Rosalía prend un virage spectaculaire avec Lux, album aux orchestrations classiques bombastic et aux aspirations spirituelles. Portrait et récit d’une écoute exclusive en compagnie de la star.
Paris, début octobre. Rosalía est en ville. Entre deux défilés de la Fashion week, elle a pris le temps d’organiser une session d’écoute de son nouvel album. Le rendez-vous est fixé à l’Espace Oscar Niemeyer. Dessiné par le célèbre architecte brésilien à la fin des années 60, le bâtiment en forme de vague abrite toujours le siège du Parti communiste.

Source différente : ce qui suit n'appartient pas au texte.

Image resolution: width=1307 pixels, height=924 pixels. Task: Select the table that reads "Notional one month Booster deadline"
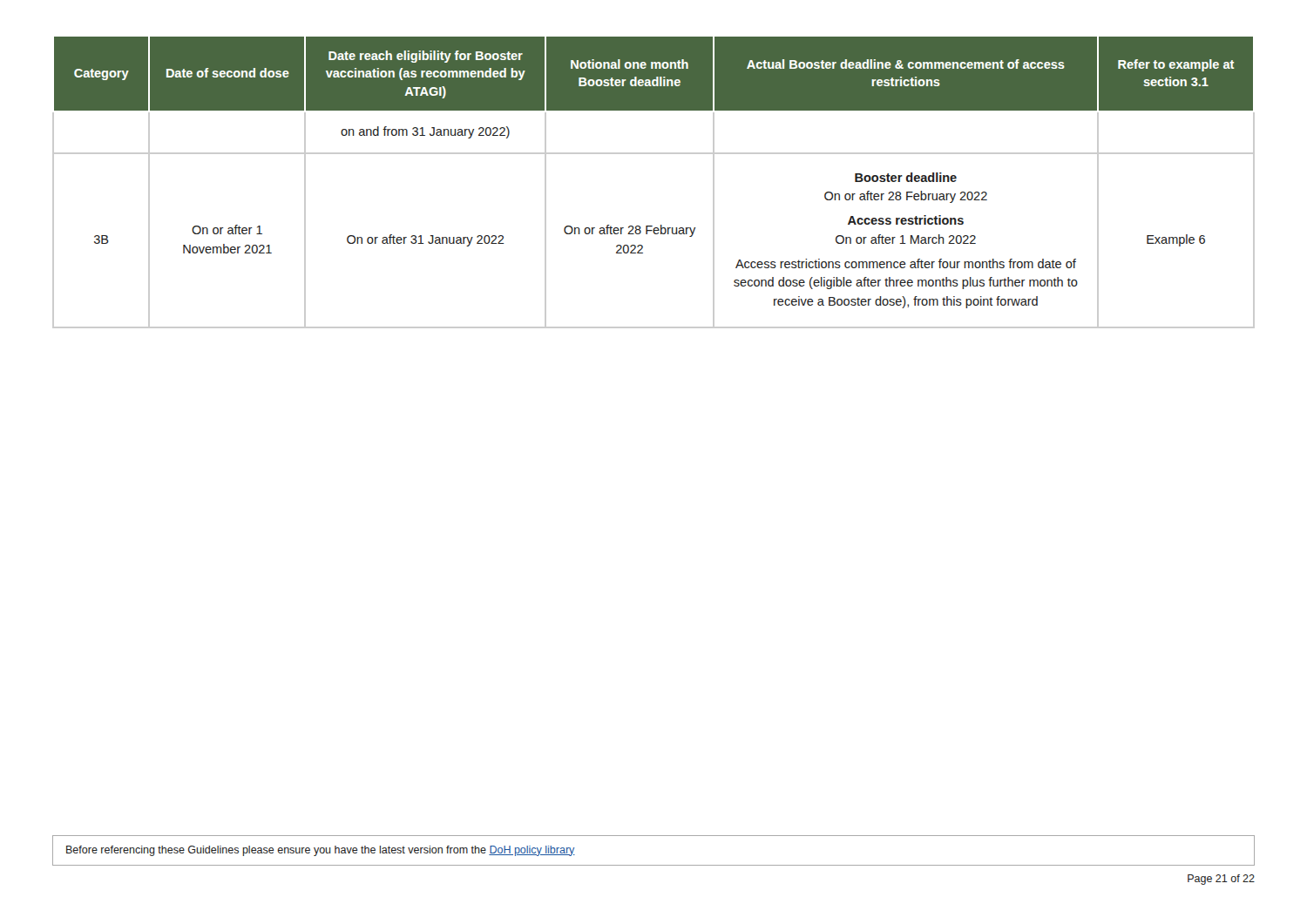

Certes, le PC n’est plus seul à bord. A la ramasse dans les urnes, le parti a dû faire de la place. Il partage aujourd’hui les lieux avec d’autres –start-up et bureaux de design; organise régulièrement des expos dans son hall central; loue ses murs de béton brutalistes comme décor de cinéma ou de clips. Angèle y a par exemple tourné la vidéo de Jalousie. Kanye West y a présenté sa collection Yeezy, en 2020. Le monde de la mode a investi depuis longtemps le temple «coco», rebaptisé Espace Niemeyer: en 2000, Prada invitait déjà quelque 1.200 branchés dans la «maison des travailleurs»…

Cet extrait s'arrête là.